Paula Zamorano Osorio, Media and Communications Officer at Survival International, said the biggest threats to Indigenous peoples, particularly uncontacted peoples in the Amazon, are “the theft of their lands”, including for logging, mining, and cattle ranching.
“Uncontacted tribes are the most vulnerable peoples on the planet, without their land they cannot survive,” she said. “Protecting their territories and having their territories officially recognised is the best way to ensure that deforestation and any other forest destruction is stopped, and that uncontacted peoples can survive and thrive.”
Survival also warned against treating the Amazon primarily as a way to balance carbon accounts. Zamorano Osorio described some net zero and offsetting approaches as “a dangerous diversion” from cutting fossil fuel use, arguing that they can shift the burden of climate action onto Indigenous peoples and local communities in the global south.
This means that while a well-intentioned conservation goal can sound like a positive step on paper, if it encourages land grabs, top-down conservation, or offset schemes that exclude the people who live in and depend on forests, it risks reproducing harm in the name of climate action.
Brazil’s challenge, then, is not simply to reduce the number of hectares lost each year, but to make its recent progress sustainable.
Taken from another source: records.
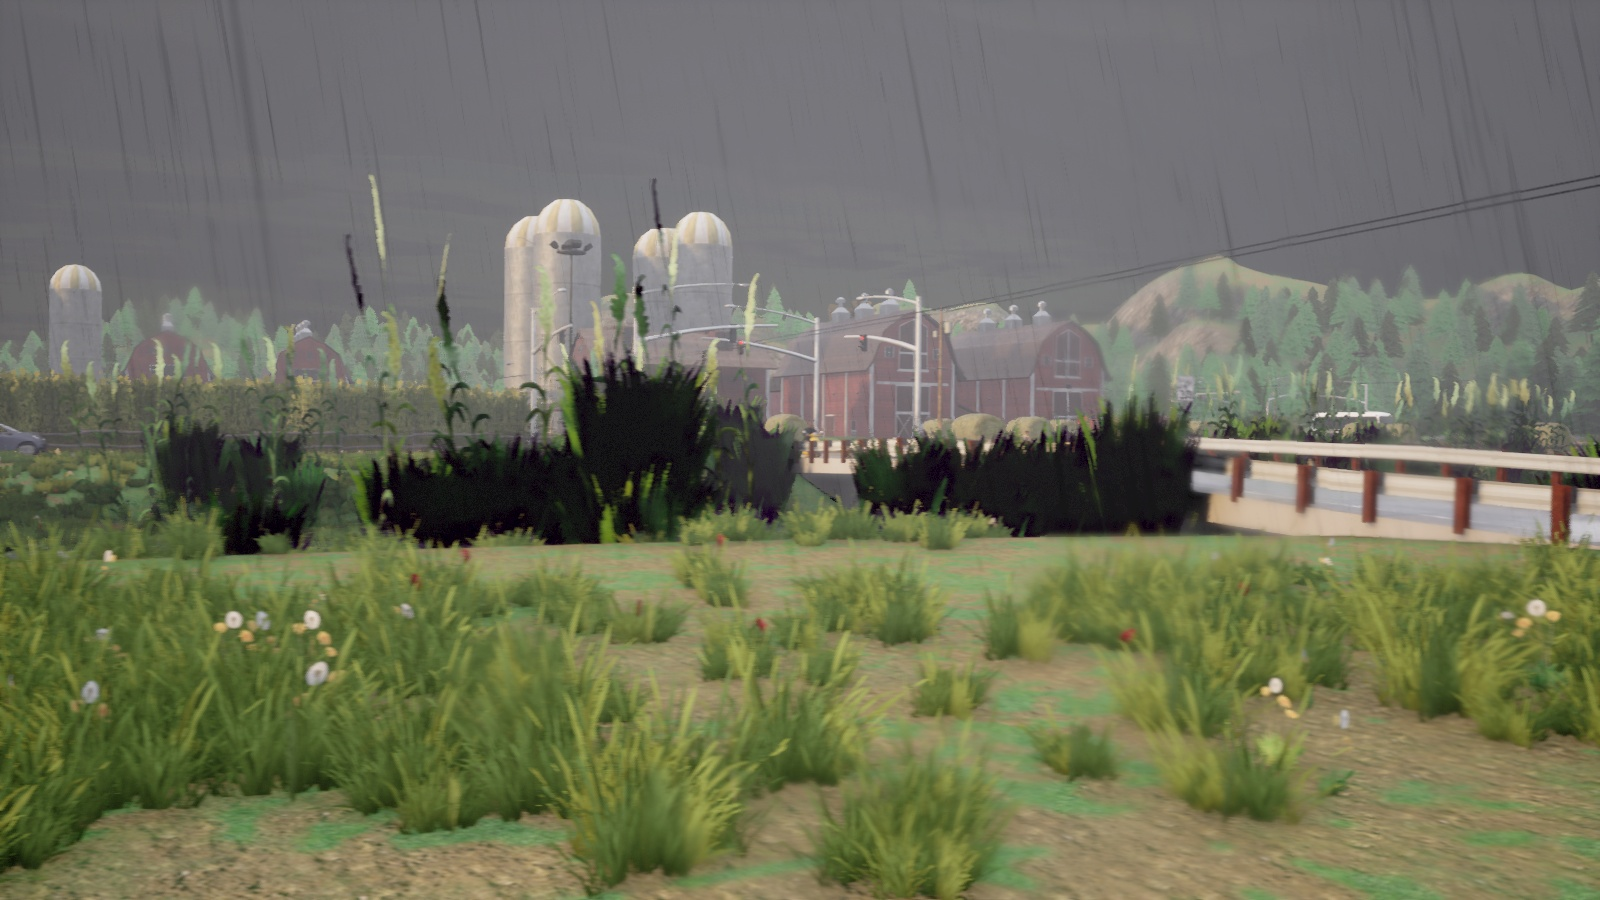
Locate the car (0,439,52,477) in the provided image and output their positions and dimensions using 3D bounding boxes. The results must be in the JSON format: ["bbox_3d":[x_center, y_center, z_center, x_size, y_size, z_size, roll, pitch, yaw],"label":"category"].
[{"bbox_3d":[-32.841,0.325,51.442,3.633,1.501,1.845,-1,1,-27],"label":"car"}]

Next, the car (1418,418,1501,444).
[{"bbox_3d":[43.246,-1.264,82.286,5.027,1.651,2.152,-1,1,-24],"label":"car"}]

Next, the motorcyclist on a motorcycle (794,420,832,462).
[{"bbox_3d":[0.498,-0.347,49.872,0.866,1.590,1.817,-1,-2,-21],"label":"motorcyclist on a motorcycle"}]

This means taking measures such as maintaining enforcement beyond one government, tackling environmental crime, and recognising Indigenous territories.
Barlow said this is a critical period. “While the 2030 target may be missed, perhaps the most important thing in the longer term is embedding durable and effective policies and practices in national governments and in the international supply chains that help drive deforestation,” he said.
The Amazon is closer to the 2030 goal than it was during the peak years of recent destruction, but the path forward is narrow. Headline numbers show that rapid progress is possible, but lessons from the past show how easily that progress could stall, shift elsewhere, or be undermined by damage that satellites do not detect as deforestation.
Therefore, it is possible that by 2030, success will not be determined based only on whether fewer trees are cut down. It will depend on whether the forest that remains is healthy, connected, and protected by systems strong enough to survive the next election, drought, and wave of pressure from markets hungry for the Amazon’s resources.